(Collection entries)

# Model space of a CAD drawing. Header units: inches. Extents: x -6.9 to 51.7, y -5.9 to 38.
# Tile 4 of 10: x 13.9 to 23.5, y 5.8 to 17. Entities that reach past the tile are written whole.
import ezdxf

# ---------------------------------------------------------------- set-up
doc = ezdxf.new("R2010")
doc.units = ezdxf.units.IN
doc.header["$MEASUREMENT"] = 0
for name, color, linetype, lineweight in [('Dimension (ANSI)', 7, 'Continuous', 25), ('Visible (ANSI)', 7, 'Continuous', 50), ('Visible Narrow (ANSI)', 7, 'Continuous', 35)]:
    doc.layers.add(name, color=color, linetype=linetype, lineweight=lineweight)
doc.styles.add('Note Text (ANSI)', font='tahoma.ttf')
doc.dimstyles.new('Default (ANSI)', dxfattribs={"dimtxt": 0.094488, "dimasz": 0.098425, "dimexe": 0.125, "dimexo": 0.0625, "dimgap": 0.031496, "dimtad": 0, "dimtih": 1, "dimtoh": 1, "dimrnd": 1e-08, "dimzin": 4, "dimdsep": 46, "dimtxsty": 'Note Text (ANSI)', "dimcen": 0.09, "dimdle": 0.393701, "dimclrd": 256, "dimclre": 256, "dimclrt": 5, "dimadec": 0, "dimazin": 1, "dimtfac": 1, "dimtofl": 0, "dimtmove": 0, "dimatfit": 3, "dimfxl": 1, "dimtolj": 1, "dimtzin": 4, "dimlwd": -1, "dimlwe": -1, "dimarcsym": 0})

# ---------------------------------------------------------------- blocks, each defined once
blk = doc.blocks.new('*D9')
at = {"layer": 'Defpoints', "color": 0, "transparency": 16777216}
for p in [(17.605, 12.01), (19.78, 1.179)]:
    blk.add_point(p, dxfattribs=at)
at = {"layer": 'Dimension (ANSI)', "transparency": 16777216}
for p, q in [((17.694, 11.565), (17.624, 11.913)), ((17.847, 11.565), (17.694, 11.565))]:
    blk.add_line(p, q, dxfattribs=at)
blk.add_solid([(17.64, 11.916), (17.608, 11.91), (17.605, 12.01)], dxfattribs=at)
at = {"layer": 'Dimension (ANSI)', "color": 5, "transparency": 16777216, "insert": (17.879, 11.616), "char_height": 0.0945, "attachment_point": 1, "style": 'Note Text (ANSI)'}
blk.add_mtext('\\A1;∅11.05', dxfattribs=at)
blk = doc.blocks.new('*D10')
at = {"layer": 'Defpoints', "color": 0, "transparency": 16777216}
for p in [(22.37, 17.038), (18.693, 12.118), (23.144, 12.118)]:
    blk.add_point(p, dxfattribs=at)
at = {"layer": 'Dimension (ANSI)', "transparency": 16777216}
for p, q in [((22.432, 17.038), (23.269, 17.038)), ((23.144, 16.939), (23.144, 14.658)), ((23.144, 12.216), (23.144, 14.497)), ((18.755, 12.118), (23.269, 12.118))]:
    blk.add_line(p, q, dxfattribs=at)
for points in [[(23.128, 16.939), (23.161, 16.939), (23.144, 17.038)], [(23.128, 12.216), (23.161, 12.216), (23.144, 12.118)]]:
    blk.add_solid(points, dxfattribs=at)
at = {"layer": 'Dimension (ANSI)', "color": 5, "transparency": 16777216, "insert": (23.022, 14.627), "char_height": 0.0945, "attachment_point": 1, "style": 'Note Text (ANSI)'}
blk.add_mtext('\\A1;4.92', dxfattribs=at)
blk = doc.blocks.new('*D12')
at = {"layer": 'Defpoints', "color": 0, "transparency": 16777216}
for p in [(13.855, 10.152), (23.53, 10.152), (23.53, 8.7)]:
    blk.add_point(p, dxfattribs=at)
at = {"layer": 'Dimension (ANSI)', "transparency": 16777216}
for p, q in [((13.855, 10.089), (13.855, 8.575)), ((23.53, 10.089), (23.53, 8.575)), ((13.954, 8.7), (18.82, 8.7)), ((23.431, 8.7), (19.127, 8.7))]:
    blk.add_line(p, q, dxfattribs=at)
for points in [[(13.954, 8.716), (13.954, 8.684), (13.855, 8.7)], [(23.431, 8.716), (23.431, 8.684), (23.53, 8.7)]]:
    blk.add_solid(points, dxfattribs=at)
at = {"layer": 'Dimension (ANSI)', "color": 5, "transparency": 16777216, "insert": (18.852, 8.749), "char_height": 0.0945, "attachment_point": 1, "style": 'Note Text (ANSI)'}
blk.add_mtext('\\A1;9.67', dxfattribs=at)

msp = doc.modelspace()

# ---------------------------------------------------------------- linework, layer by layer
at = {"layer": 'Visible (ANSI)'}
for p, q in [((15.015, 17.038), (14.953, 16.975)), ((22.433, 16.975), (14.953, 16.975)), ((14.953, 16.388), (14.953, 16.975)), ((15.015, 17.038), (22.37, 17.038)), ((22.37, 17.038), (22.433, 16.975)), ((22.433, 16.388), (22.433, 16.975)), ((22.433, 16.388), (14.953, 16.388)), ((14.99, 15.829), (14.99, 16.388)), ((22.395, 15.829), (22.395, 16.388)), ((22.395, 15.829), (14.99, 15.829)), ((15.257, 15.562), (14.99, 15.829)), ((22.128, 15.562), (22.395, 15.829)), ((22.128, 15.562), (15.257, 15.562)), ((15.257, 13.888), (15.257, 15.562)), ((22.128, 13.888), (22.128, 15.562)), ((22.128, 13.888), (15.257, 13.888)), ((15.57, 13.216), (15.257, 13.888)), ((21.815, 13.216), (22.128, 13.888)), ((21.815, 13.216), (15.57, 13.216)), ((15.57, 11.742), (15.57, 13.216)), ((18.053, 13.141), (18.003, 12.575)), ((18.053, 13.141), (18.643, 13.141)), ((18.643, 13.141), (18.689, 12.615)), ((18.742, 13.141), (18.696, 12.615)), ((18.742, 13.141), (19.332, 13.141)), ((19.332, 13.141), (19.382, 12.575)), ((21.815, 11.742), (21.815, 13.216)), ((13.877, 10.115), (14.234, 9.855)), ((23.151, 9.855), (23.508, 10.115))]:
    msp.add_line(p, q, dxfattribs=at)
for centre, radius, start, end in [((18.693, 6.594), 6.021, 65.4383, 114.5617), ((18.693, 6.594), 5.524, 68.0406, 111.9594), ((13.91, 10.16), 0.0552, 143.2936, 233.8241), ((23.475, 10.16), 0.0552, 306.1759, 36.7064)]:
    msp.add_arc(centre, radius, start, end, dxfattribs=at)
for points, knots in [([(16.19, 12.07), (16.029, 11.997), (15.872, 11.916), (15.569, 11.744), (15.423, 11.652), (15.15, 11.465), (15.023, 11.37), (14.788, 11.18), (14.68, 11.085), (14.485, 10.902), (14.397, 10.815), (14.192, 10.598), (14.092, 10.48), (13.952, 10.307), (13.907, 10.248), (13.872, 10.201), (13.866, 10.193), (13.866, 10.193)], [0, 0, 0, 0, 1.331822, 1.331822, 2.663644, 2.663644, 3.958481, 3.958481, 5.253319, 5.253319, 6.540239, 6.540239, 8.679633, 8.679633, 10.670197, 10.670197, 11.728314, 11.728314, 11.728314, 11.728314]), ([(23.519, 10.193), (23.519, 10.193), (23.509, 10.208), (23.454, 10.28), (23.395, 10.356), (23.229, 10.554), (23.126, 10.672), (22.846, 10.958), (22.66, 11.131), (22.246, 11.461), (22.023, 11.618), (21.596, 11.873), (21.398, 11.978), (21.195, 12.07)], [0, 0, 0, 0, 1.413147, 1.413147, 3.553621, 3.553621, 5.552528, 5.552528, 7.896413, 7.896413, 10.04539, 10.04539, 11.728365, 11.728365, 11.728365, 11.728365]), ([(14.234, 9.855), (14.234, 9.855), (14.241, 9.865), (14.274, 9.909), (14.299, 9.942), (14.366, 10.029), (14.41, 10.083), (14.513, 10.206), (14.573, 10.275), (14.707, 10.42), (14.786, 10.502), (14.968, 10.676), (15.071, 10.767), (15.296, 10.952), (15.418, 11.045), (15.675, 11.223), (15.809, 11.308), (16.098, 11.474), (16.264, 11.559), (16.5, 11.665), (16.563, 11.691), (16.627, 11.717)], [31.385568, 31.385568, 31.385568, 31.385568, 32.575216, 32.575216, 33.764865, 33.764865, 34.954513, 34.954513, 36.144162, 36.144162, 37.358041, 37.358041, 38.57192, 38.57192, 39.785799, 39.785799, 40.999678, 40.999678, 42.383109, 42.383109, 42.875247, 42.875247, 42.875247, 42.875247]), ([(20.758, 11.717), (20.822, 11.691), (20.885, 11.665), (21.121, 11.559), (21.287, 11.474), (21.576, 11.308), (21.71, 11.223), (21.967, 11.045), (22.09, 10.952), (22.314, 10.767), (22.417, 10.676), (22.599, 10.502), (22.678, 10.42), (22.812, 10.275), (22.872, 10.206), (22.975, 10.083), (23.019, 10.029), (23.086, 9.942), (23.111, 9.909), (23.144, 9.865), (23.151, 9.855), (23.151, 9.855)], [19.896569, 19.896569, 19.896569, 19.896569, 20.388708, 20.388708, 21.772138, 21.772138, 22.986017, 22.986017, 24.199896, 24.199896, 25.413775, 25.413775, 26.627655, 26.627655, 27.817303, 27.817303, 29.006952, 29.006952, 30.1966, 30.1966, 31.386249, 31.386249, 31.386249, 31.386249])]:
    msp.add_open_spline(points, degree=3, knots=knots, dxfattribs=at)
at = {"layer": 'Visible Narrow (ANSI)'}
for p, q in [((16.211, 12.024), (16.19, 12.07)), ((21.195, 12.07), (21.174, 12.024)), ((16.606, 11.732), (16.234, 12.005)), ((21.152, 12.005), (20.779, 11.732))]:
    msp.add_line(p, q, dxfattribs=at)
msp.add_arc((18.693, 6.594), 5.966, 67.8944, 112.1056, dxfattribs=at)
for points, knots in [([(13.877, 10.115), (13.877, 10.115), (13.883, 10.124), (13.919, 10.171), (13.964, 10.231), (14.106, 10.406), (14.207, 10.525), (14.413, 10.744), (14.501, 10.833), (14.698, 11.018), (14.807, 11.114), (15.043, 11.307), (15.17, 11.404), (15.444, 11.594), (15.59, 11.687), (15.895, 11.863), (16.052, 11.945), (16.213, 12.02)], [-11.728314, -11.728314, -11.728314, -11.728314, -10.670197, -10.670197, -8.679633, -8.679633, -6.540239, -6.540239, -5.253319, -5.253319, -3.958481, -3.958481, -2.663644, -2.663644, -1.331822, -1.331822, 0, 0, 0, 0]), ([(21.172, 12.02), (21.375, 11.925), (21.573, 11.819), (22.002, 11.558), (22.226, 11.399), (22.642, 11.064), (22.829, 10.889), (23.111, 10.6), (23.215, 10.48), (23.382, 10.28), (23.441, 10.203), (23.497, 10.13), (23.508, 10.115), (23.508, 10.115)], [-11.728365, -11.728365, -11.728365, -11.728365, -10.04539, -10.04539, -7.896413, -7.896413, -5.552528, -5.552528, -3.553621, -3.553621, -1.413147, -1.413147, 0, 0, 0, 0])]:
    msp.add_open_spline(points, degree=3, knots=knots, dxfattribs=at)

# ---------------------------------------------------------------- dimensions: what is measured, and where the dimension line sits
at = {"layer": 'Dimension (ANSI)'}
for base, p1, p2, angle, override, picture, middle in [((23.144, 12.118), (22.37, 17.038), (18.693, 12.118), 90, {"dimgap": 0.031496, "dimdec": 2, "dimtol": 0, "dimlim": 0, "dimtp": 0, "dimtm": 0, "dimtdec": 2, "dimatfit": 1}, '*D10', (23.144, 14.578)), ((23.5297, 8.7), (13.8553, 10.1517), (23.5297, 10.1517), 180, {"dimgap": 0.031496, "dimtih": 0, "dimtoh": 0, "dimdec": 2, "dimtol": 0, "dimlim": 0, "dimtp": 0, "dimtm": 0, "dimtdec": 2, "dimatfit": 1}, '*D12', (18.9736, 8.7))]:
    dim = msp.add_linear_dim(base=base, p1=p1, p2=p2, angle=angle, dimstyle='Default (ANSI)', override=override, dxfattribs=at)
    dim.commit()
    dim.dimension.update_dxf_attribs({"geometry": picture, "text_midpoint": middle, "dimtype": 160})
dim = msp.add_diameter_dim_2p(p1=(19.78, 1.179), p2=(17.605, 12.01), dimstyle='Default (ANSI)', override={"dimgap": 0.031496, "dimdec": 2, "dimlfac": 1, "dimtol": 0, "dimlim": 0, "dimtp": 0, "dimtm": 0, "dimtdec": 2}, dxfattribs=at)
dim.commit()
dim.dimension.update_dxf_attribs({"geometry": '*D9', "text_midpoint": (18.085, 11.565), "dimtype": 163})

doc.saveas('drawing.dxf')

Exercise description:
When you reach the line containing "color=color, linetype=linetype, lineweight=lineweight)" in the data above, start copying exactly, and stop after the line containing "doc.styles.add('Note Text (ANSI)', font='tahoma.ttf')".

Task output:
    doc.layers.add(name, color=color, linetype=linetype, lineweight=lineweight)
doc.styles.add('Note Text (ANSI)', font='tahoma.ttf')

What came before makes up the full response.